Stored data entries
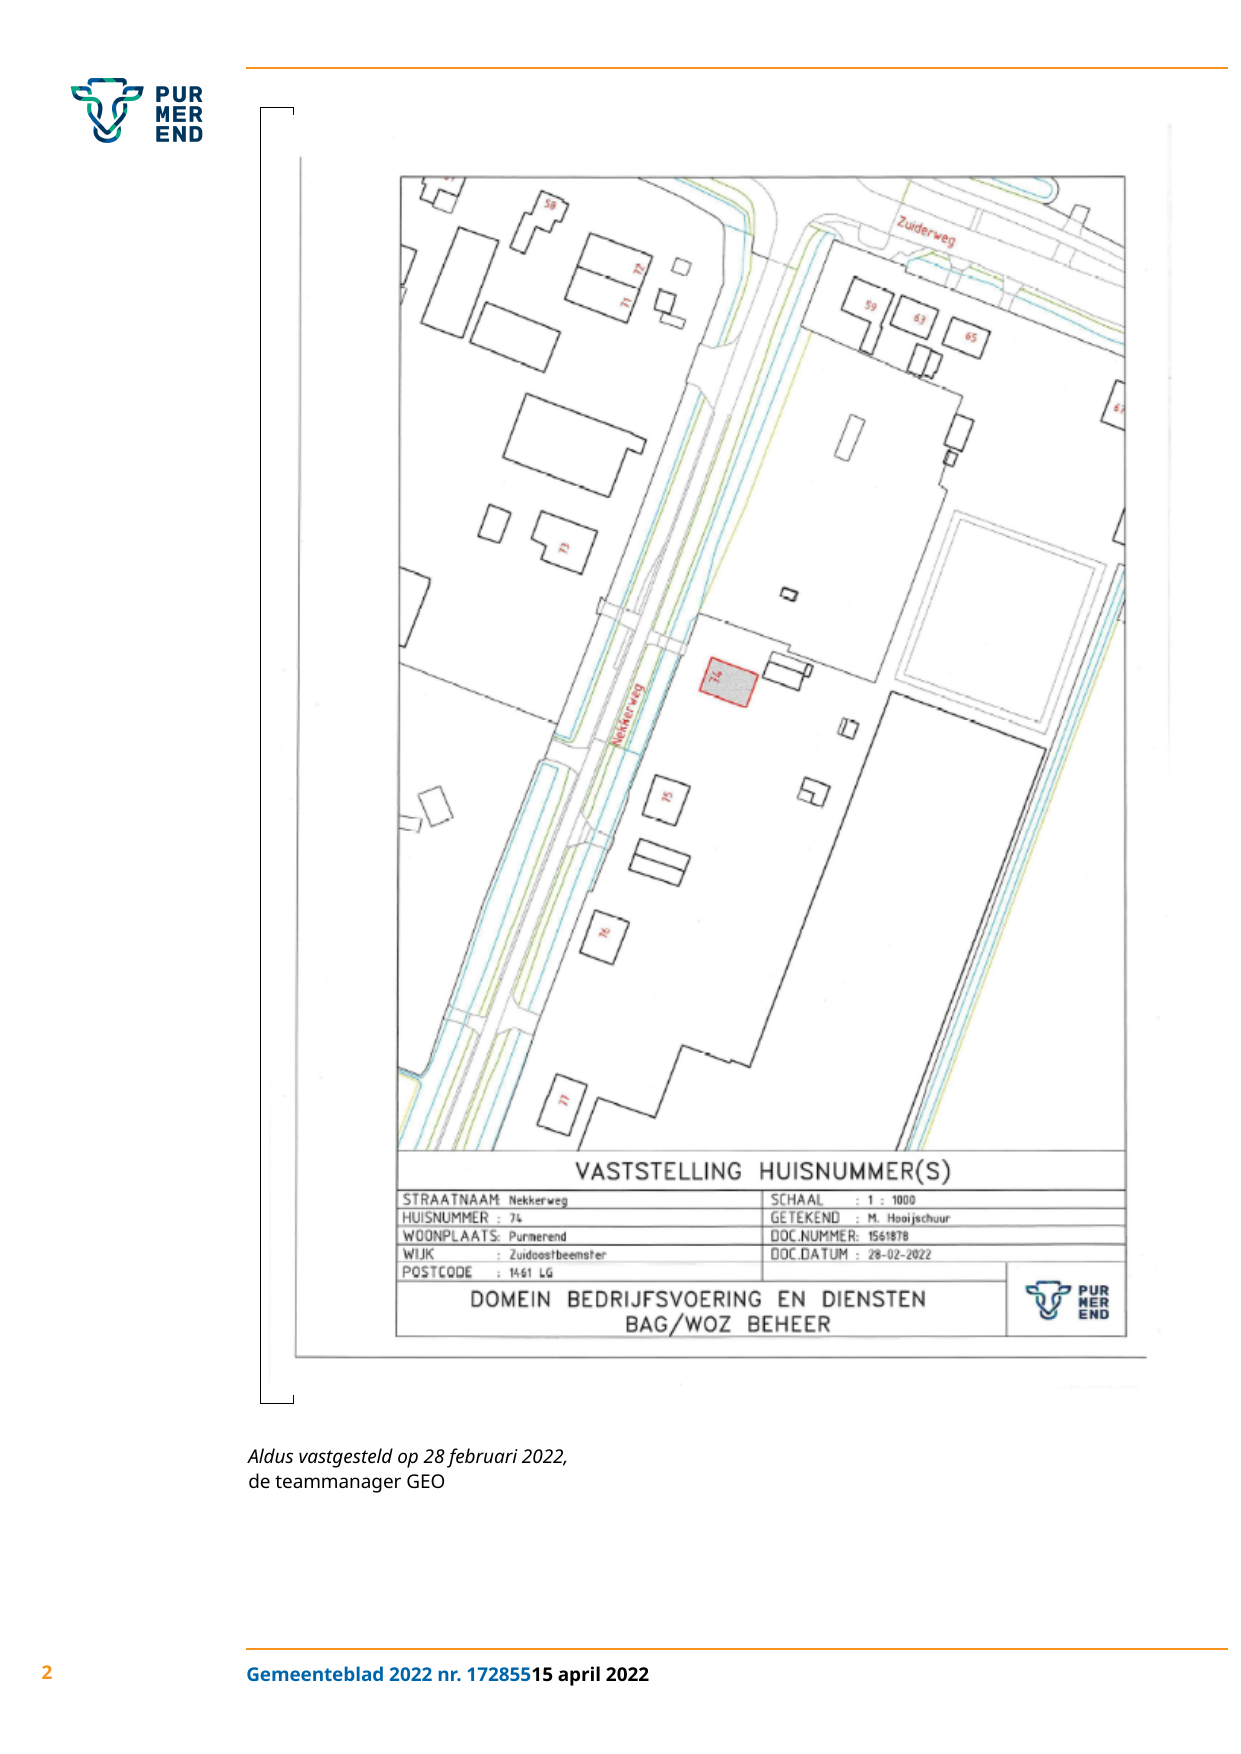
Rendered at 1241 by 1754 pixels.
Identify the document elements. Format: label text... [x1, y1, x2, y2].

text Aldus vastgesteld op 28 februari 2022, [248, 1443, 1152, 1469]
picture [41, 47, 231, 172]
text de teammanager GEO [248, 1469, 1152, 1494]
picture [268, 115, 1173, 1395]
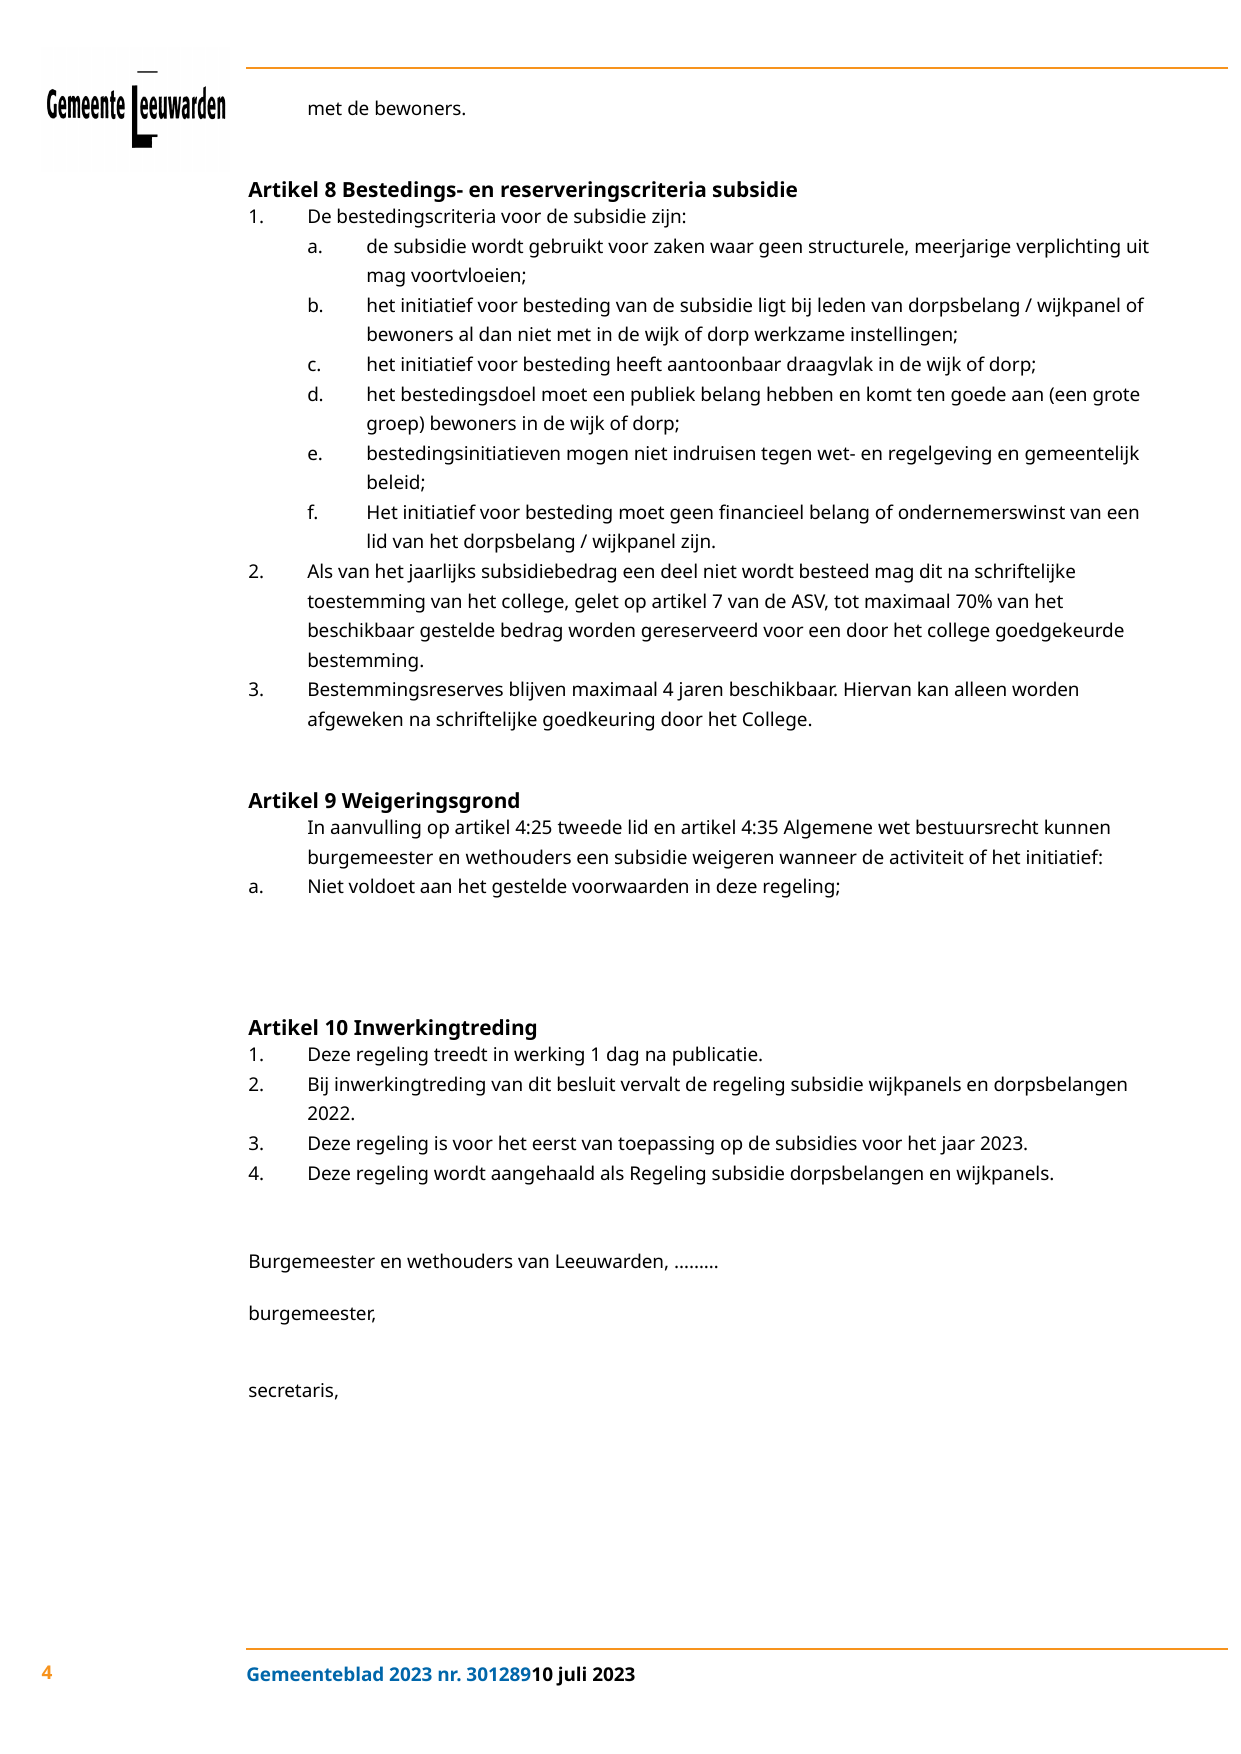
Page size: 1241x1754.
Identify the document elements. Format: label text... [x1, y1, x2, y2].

text Burgemeester en wethouders van Leeuwarden, ……… [248, 1248, 1152, 1274]
text Artikel 8 Bestedings- en reserveringscriteria subsidie [248, 175, 1152, 203]
text Artikel 9 Weigeringsgrond [248, 786, 1152, 814]
list Het initiatief voor besteding moet geen financieel belang of ondernemerswinst van een lid van het dorpsbelang / wijkpanel zijn. [307, 499, 1152, 554]
list met de bewoners. [248, 95, 1152, 121]
list Bij inwerkingtreding van dit besluit vervalt de regeling subsidie wijkpanels en dorpsbelangen 2022. [248, 1071, 1152, 1126]
list Niet voldoet aan het gestelde voorwaarden in deze regeling; [248, 874, 1152, 899]
text secretaris, [248, 1377, 1152, 1403]
list Deze regeling treedt in werking 1 dag na publicatie. [248, 1041, 1152, 1067]
list In aanvulling op artikel 4:25 tweede lid en artikel 4:35 Algemene wet bestuursrecht kunnen burgemeester en wethouders een subsidie weigeren wanneer de activiteit of het initiatief: [248, 814, 1152, 870]
list het initiatief voor besteding heeft aantoonbaar draagvlak in de wijk of dorp; [307, 351, 1152, 377]
list Bestemmingsreserves blijven maximaal 4 jaren beschikbaar. Hiervan kan alleen worden afgeweken na schriftelijke goedkeuring door het College. [248, 677, 1152, 732]
list de subsidie wordt gebruikt voor zaken waar geen structurele, meerjarige verplichting uit mag voortvloeien; [307, 233, 1152, 288]
list Deze regeling wordt aangehaald als Regeling subsidie dorpsbelangen en wijkpanels. [248, 1160, 1152, 1185]
list Deze regeling is voor het eerst van toepassing op de subsidies voor het jaar 2023. [248, 1130, 1152, 1156]
list bestedingsinitiatieven mogen niet indruisen tegen wet- en regelgeving en gemeentelijk beleid; [307, 440, 1152, 495]
list De bestedingscriteria voor de subsidie zijn: [248, 203, 1152, 229]
picture [41, 47, 231, 172]
text burgemeester, [248, 1300, 1152, 1326]
text Artikel 10 Inwerkingtreding [248, 1013, 1152, 1041]
list Als van het jaarlijks subsidiebedrag een deel niet wordt besteed mag dit na schriftelijke toestemming van het college, gelet op artikel 7 van de ASV, tot maximaal 70% van het beschikbaar gestelde bedrag worden gereserveerd voor een door het college goedgekeurde bestemming. [248, 558, 1152, 673]
list het bestedingsdoel moet een publiek belang hebben en komt ten goede aan (een grote groep) bewoners in de wijk of dorp; [307, 381, 1152, 436]
list het initiatief voor besteding van de subsidie ligt bij leden van dorpsbelang / wijkpanel of bewoners al dan niet met in de wijk of dorp werkzame instellingen; [307, 292, 1152, 347]
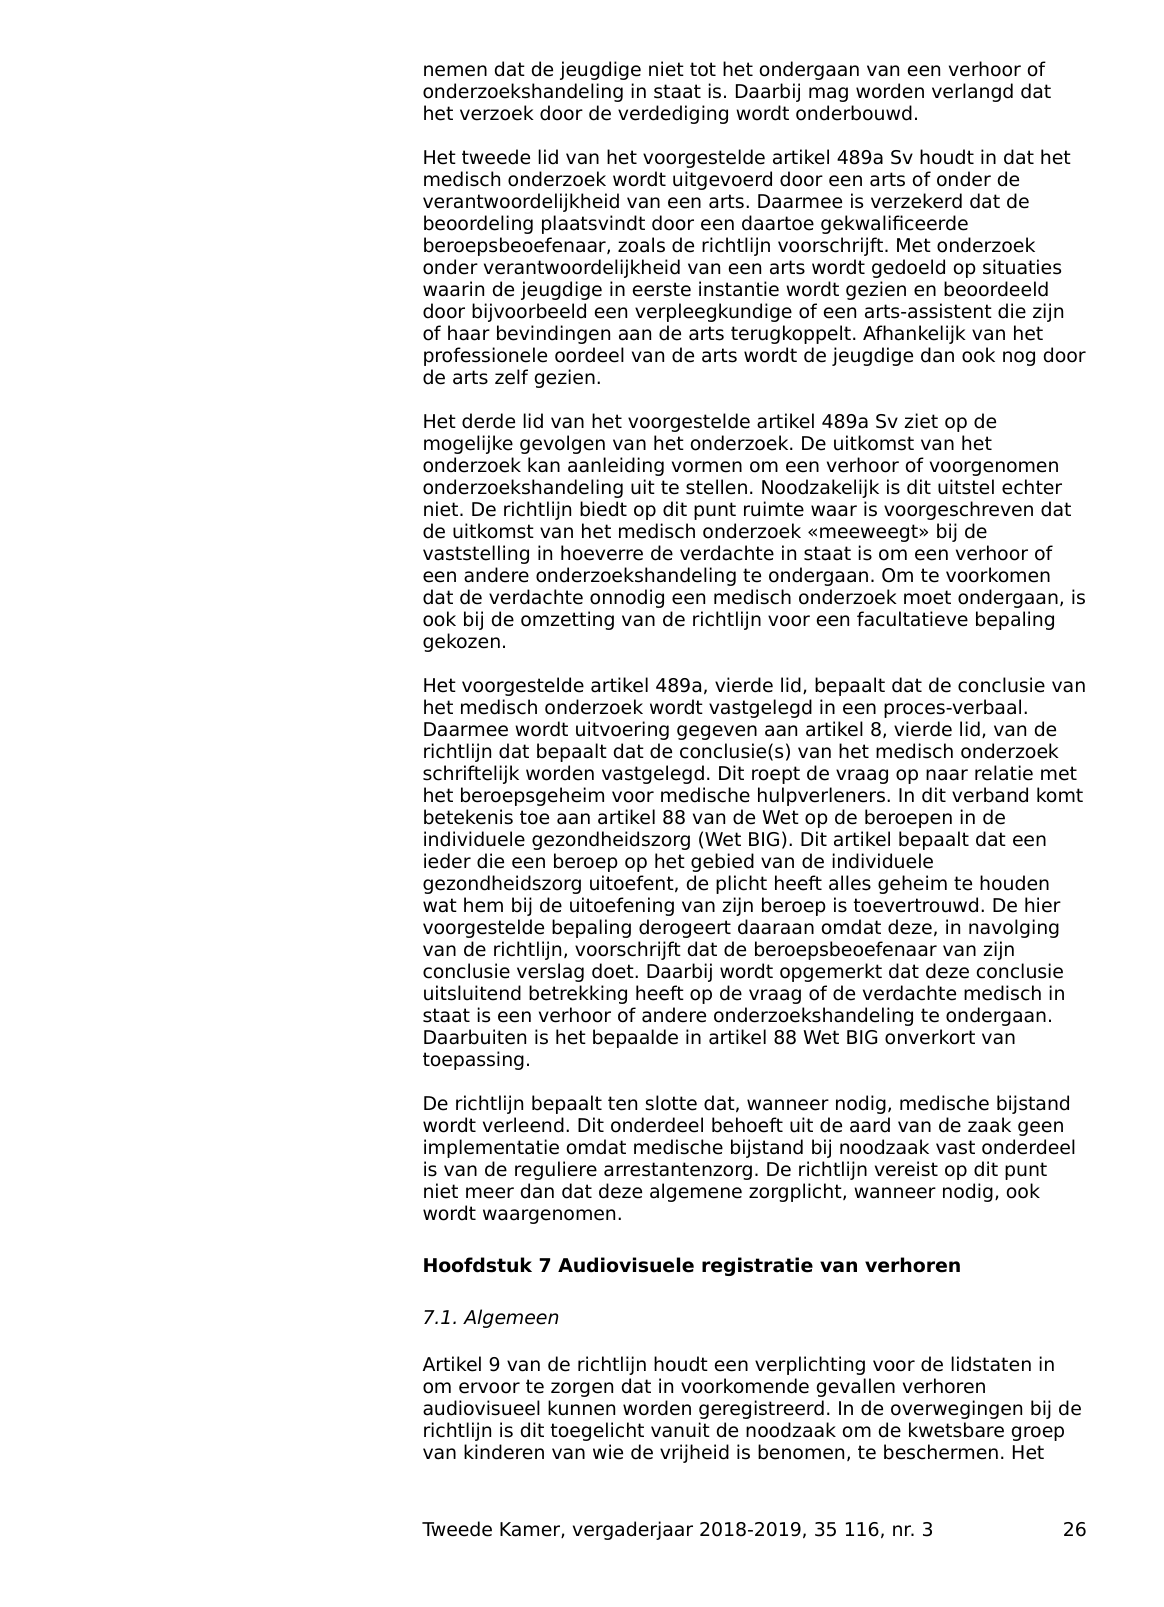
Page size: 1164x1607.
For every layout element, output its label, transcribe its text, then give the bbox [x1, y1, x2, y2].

text nemen dat de jeugdige niet tot het ondergaan van een verhoor of onderzoekshandeling in staat is. Daarbij mag worden verlangd dat het verzoek door de verdediging wordt onderbouwd. [422, 59, 1087, 125]
text Het voorgestelde artikel 489a, vierde lid, bepaalt dat de conclusie van het medisch onderzoek wordt vastgelegd in een proces-verbaal. Daarmee wordt uitvoering gegeven aan artikel 8, vierde lid, van de richtlijn dat bepaalt dat de conclusie(s) van het medisch onderzoek schriftelijk worden vastgelegd. Dit roept de vraag op naar relatie met het beroepsgeheim voor medische hulpverleners. In dit verband komt betekenis toe aan artikel 88 van de Wet op de beroepen in de individuele gezondheidszorg (Wet BIG). Dit artikel bepaalt dat een ieder die een beroep op het gebied van de individuele gezondheidszorg uitoefent, de plicht heeft alles geheim te houden wat hem bij de uitoefening van zijn beroep is toevertrouwd. De hier voorgestelde bepaling derogeert daaraan omdat deze, in navolging van de richtlijn, voorschrijft dat de beroepsbeoefenaar van zijn conclusie verslag doet. Daarbij wordt opgemerkt dat deze conclusie uitsluitend betrekking heeft op de vraag of de verdachte medisch in staat is een verhoor of andere onderzoekshandeling te ondergaan. Daarbuiten is het bepaalde in artikel 88 Wet BIG onverkort van toepassing. [422, 675, 1087, 1071]
subtitle 7.1. Algemeen [422, 1307, 1087, 1329]
text Het derde lid van het voorgestelde artikel 489a Sv ziet op de mogelijke gevolgen van het onderzoek. De uitkomst van het onderzoek kan aanleiding vormen om een verhoor of voorgenomen onderzoekshandeling uit te stellen. Noodzakelijk is dit uitstel echter niet. De richtlijn biedt op dit punt ruimte waar is voorgeschreven dat de uitkomst van het medisch onderzoek «meeweegt» bij de vaststelling in hoeverre de verdachte in staat is om een verhoor of een andere onderzoekshandeling te ondergaan. Om te voorkomen dat de verdachte onnodig een medisch onderzoek moet ondergaan, is ook bij de omzetting van de richtlijn voor een facultatieve bepaling gekozen. [422, 411, 1087, 653]
text De richtlijn bepaalt ten slotte dat, wanneer nodig, medische bijstand wordt verleend. Dit onderdeel behoeft uit de aard van de zaak geen implementatie omdat medische bijstand bij noodzaak vast onderdeel is van de reguliere arrestantenzorg. De richtlijn vereist op dit punt niet meer dan dat deze algemene zorgplicht, wanneer nodig, ook wordt waargenomen. [422, 1093, 1087, 1225]
text Artikel 9 van de richtlijn houdt een verplichting voor de lidstaten in om ervoor te zorgen dat in voorkomende gevallen verhoren audiovisueel kunnen worden geregistreerd. In de overwegingen bij de richtlijn is dit toegelicht vanuit de noodzaak om de kwetsbare groep van kinderen van wie de vrijheid is benomen, te beschermen. Het [422, 1354, 1087, 1464]
text Het tweede lid van het voorgestelde artikel 489a Sv houdt in dat het medisch onderzoek wordt uitgevoerd door een arts of onder de verantwoordelijkheid van een arts. Daarmee is verzekerd dat de beoordeling plaatsvindt door een daartoe gekwalificeerde beroepsbeoefenaar, zoals de richtlijn voorschrijft. Met onderzoek onder verantwoordelijkheid van een arts wordt gedoeld op situaties waarin de jeugdige in eerste instantie wordt gezien en beoordeeld door bijvoorbeeld een verpleegkundige of een arts-assistent die zijn of haar bevindingen aan de arts terugkoppelt. Afhankelijk van het professionele oordeel van de arts wordt de jeugdige dan ook nog door de arts zelf gezien. [422, 147, 1087, 389]
subtitle Hoofdstuk 7 Audiovisuele registratie van verhoren [422, 1255, 1087, 1277]

Task instructions:
Return only the lines running from the start of the entries above to the line that contains "text secretaris, [248, 1377, 1152, 1403]", inclusive, and omit every picture.

Answer to the exercise:
Rendered at 1241 by 1754 pixels.
Identify the document elements. Format: label text... [x1, y1, x2, y2].

text Aldus vastgesteld op 28 februari 2022, [248, 1443, 1152, 1469]
picture [41, 47, 231, 172]
text de teammanager GEO [248, 1469, 1152, 1494]
picture [268, 115, 1173, 1395]
Page size: 1241x1754.
Identify the document elements. Format: label text... [x1, y1, x2, y2].

text Burgemeester en wethouders van Leeuwarden, ……… [248, 1248, 1152, 1274]
text Artikel 8 Bestedings- en reserveringscriteria subsidie [248, 175, 1152, 203]
text Artikel 9 Weigeringsgrond [248, 786, 1152, 814]
list Het initiatief voor besteding moet geen financieel belang of ondernemerswinst van een lid van het dorpsbelang / wijkpanel zijn. [307, 499, 1152, 554]
list met de bewoners. [248, 95, 1152, 121]
list Bij inwerkingtreding van dit besluit vervalt de regeling subsidie wijkpanels en dorpsbelangen 2022. [248, 1071, 1152, 1126]
list Niet voldoet aan het gestelde voorwaarden in deze regeling; [248, 874, 1152, 899]
text secretaris, [248, 1377, 1152, 1403]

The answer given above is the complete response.